Nasci bem, perfeitinho e bonitinho, como se diz de todos os bebés. Na tarde do dia em que nasci, o meu pai levou a minha avó a ir ver o neto". Dizem eles que entraram numa sala onde estavam os recém-nascidos e, quando passaram por mim, a minha avó disse: quem dera que fosse este: tão perfeitinho. Lá perguntaram à enfermeira onde é que eu estava e era mesmo eu, o tal perfeitinho. Aparentemente todos somos perfeitinhos; mas creio que, quando tomamos consciência da nossa vida, apercebemo-nos das imperfeições.

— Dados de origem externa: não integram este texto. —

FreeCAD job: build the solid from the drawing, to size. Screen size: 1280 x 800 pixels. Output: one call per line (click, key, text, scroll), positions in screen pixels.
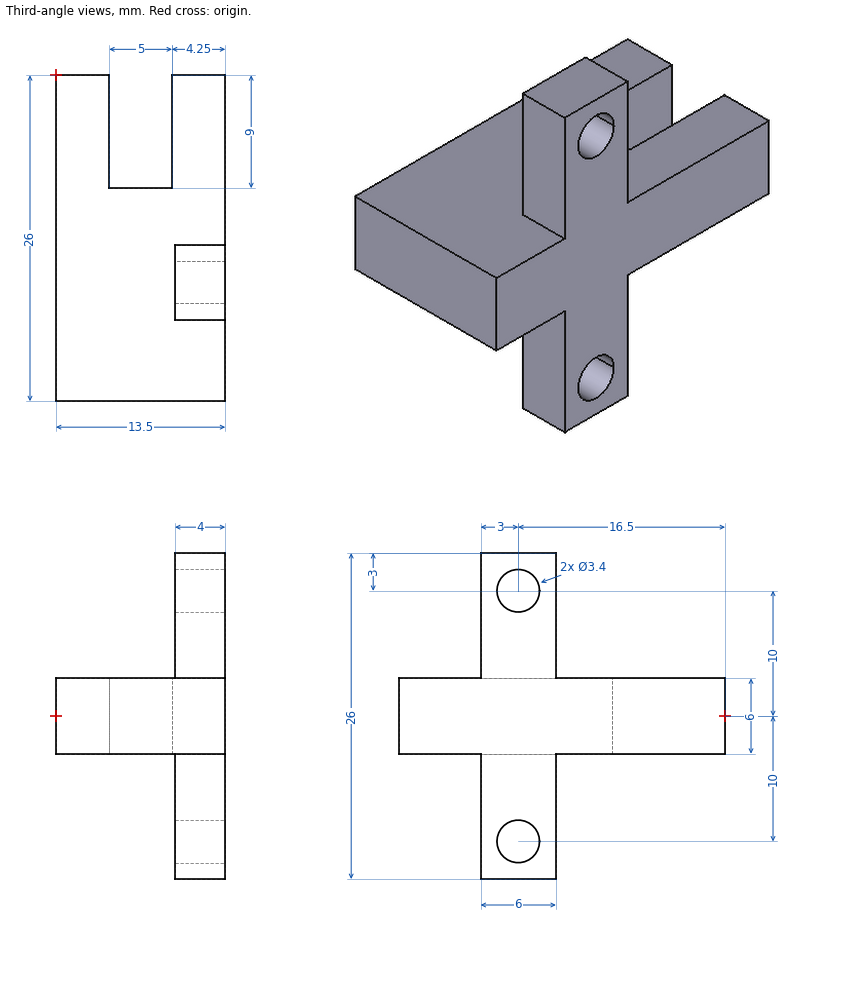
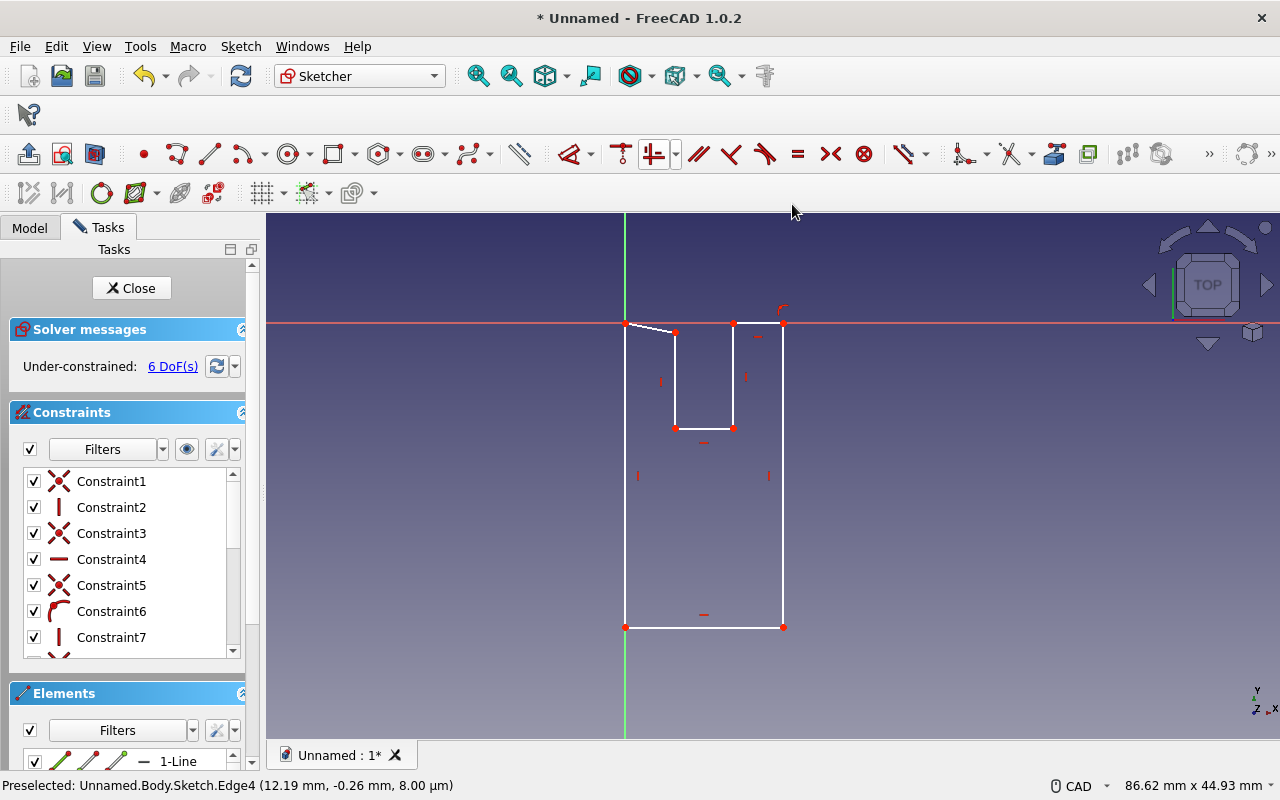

Depois dos dias regulamentados vim para casa. Preparou-se o meu baptismo, 1 de Janeiro, baptizado por um Padre João, que também nada sei dele, a não ser que já não exerce o ministério e que não vive em Portugal. A única recordação que tenho deste dia é um fio de ouro, muito fininho, com uma cruz mordida. Oferta dos meus avós, que guardo com respeito e, de vez em quando, ainda uso.
Depois disto, creio ter tido uma infância feliz. Lembro-me dos meus anos, sempre em casa da minha avó e sempre toda a família, não no dia de anos mas no domingo seguinte, para todos poderem estar. Ainda hoje, no domingo após os meus anos, não já todos mas grande parte de nós ainda nos juntamos. Com o nascimento do meu irmão e dos meus primos, a festa de anos foi adiada para o domingo a seguir ao dia do meu irmão, também ele nascido neste mês. A minha mãe sempre fez o mesmo bolo de aniversário. A receita estava num pote de porcelana. Perdeu-se e adeus bolo. Felizmente que há alternativas e boas.
E assim foi a minha génese. Não há fotografias de ecografias nem de berçários, Nem do meu baptizado. Creio que a mais antiga que tenho é a que acompanha este post, tirada nas escadas da igreja de Marvila, num casamento de um tio paterno.
Sinto-me muito e verdadeiramente amado por Deus e pela minha família. Sinto que os amigos que tenho são também um dom de Deus, e quase seus anjos no meu caminho. Nem Deus nem a família nem os amigos se me impuseram e sempre respeitaram a liberdade e independência que preciso. Agradeço-lhes a eles e a Deus. Quando andava na primária gostava de desenhar caracóis. E identifico-me com eles: gostam de andar livres; quando se sentem rodeados, ameaçados ou lhes tocamos nas antenas metem-se na carapaça. Como eu.